GetWellGo is regarded as a leading supplier of healthcare services. We help our foreign clients choose the best treatment locations that suit their needs both financially and medically.

We offer:

  • Complete transparency
  • Fair costs.
  • 24 hour availability.
  • Medical E-visas
  • Online consultation from recognized Indian experts.
  • Assistance in selecting India's top hospitals for Diagnostic Laparoscopy treatment.
  • Expert physicians with a strong track record of success
  • Assistance during and after the course of treatment.
  • Language Support
  • Travel and Accommodation Services
  • Case manager assigned to every patient to provide seamless support in and out of the hospital like appointment booking
  • Local SIM Cards
  • Currency Exchange
  • Arranging Patient’s local food

FAQ

1. What is the purpose of diagnostic laparoscopy?

  • It is also involved in diagnosing conditions of the abdominal and pelvis organs like unexplained abdominal pain, infertility, endometriosis, pelvic adhesions, cysts, fibroids or suspected internal infections.

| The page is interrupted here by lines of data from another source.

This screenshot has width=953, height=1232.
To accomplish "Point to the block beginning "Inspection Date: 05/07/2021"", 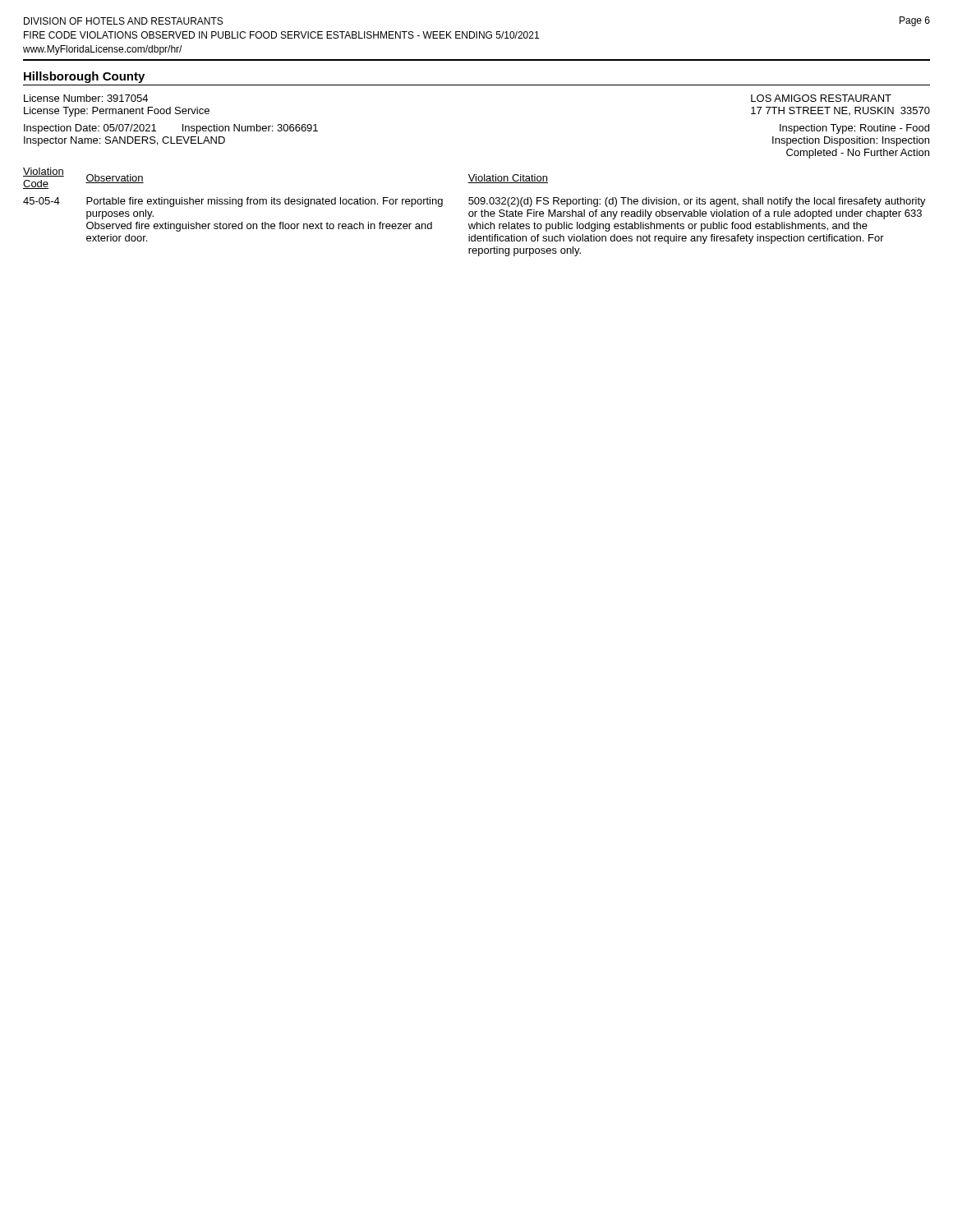I will tap(90, 129).
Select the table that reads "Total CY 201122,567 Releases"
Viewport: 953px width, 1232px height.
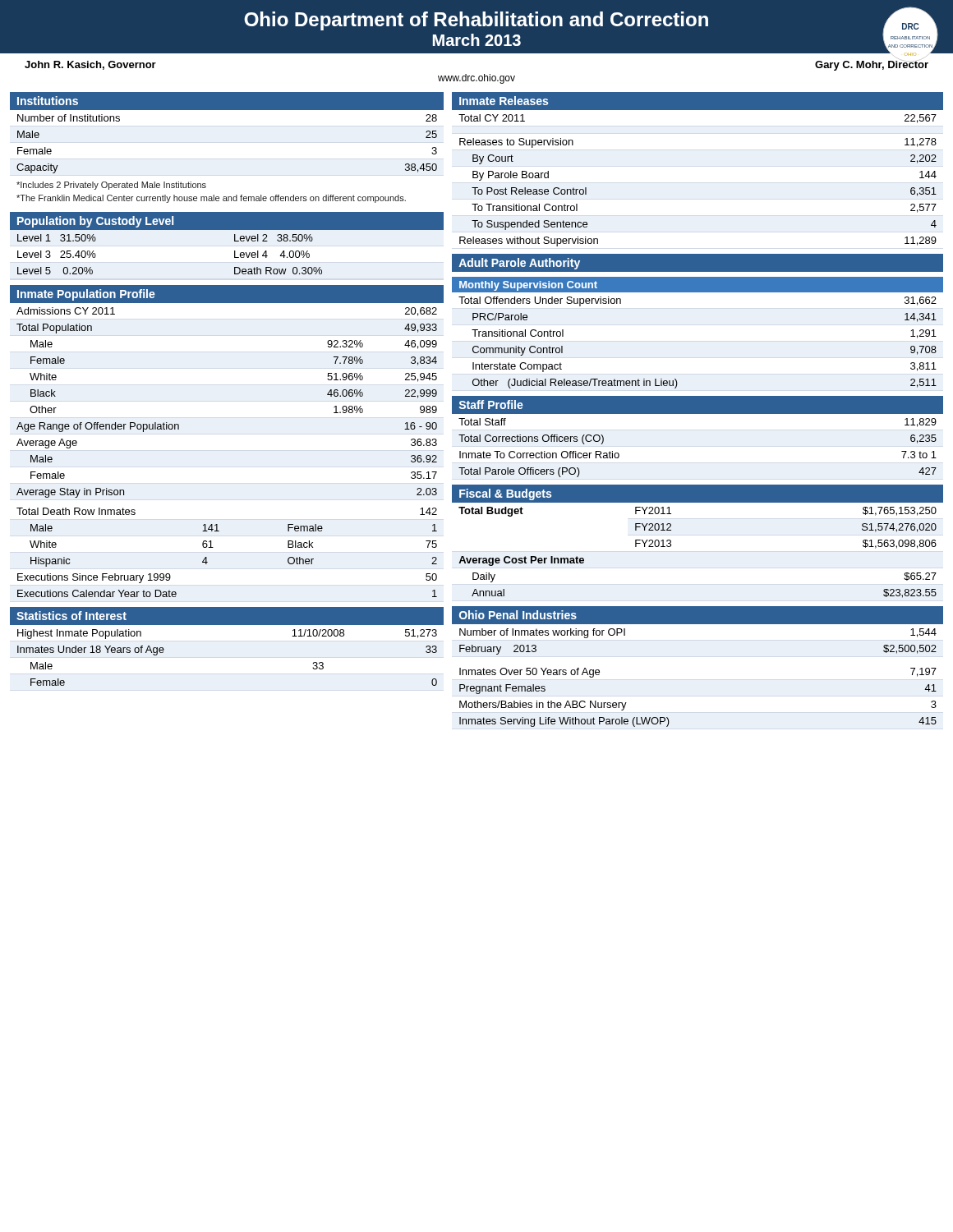click(x=698, y=179)

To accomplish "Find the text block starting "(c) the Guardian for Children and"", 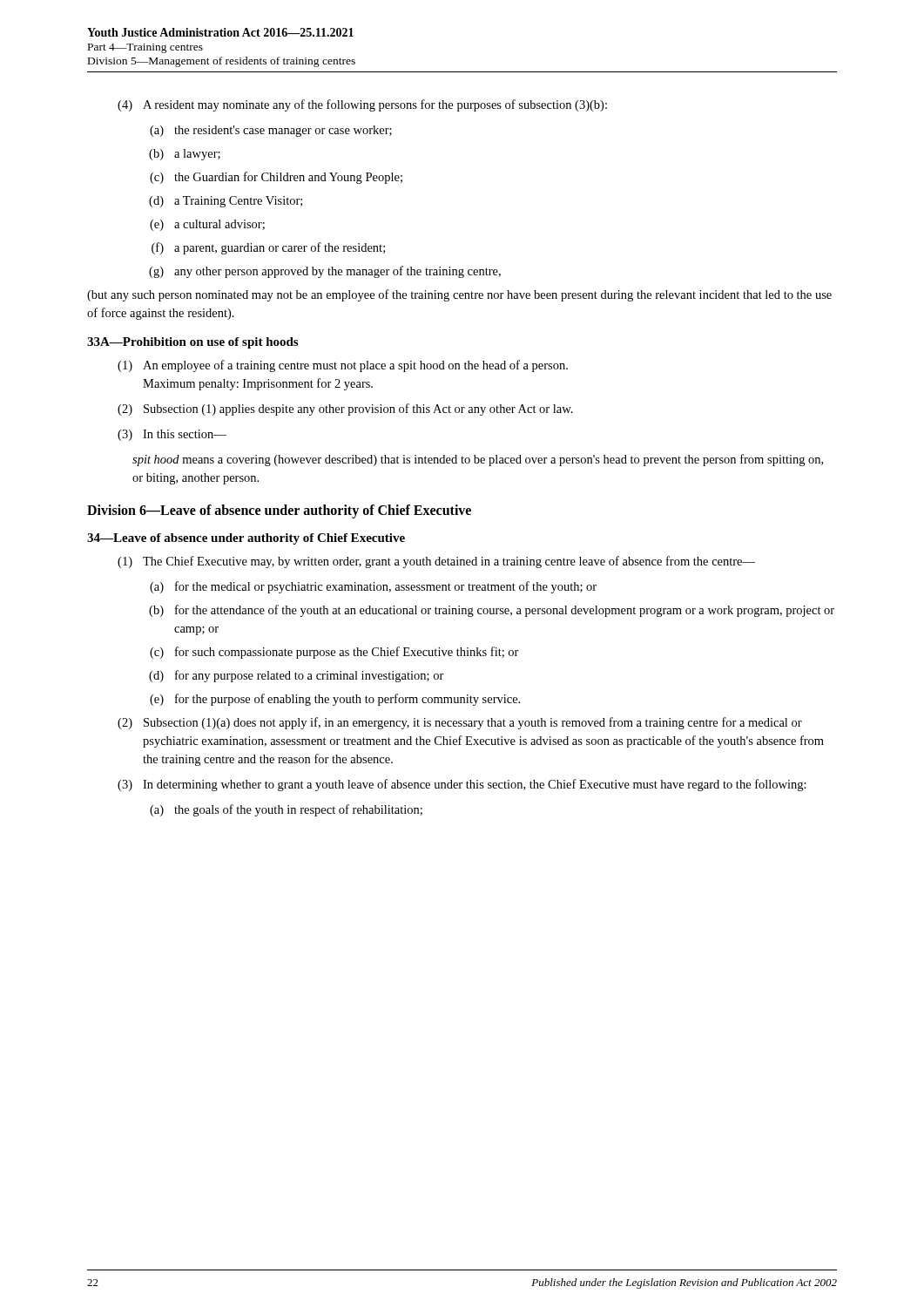I will 276,178.

2. Does laparoscopic diagnosis cause pain?

  • No, it is done under general anaesthesia and therefore the patients do not experience any pain in the process of surgery. The gas of carbon dioxide used may cause some mild pain, bloating, or even the shoulder-tip pain following the procedure.

3. What is the duration of the procedure?

  • An average laparoscopic diagnosis procedure lasts 30 to 60 minutes, although it might require more time in case of other procedures (such as cyst removal or adhesion).

4. How long is the hospital stay?

  • The majority of the patients are discharged during the same day or in 24 hours, depending on their condition and minor surgical treatment carried out.

5. When will I be able to resume a normal lifestyle?

  • The recovery process can happen within 5-7days and light activities can be resumed within 2-3days. Rigorous physical activity and heavy lifting are to be avoided during a period of 2-3 weeks.

6. Is diagnostic laparoscopy useful in dealing with infertility?

  • Yes. It is talked of as the gold standard when diagnosing the causes of infertility which may be blocked fallopian tubes, endometriosis, ovarian cysts, adhesions or fibroids. A dye test (chromopertubation) frequently is performed to test tubal patency.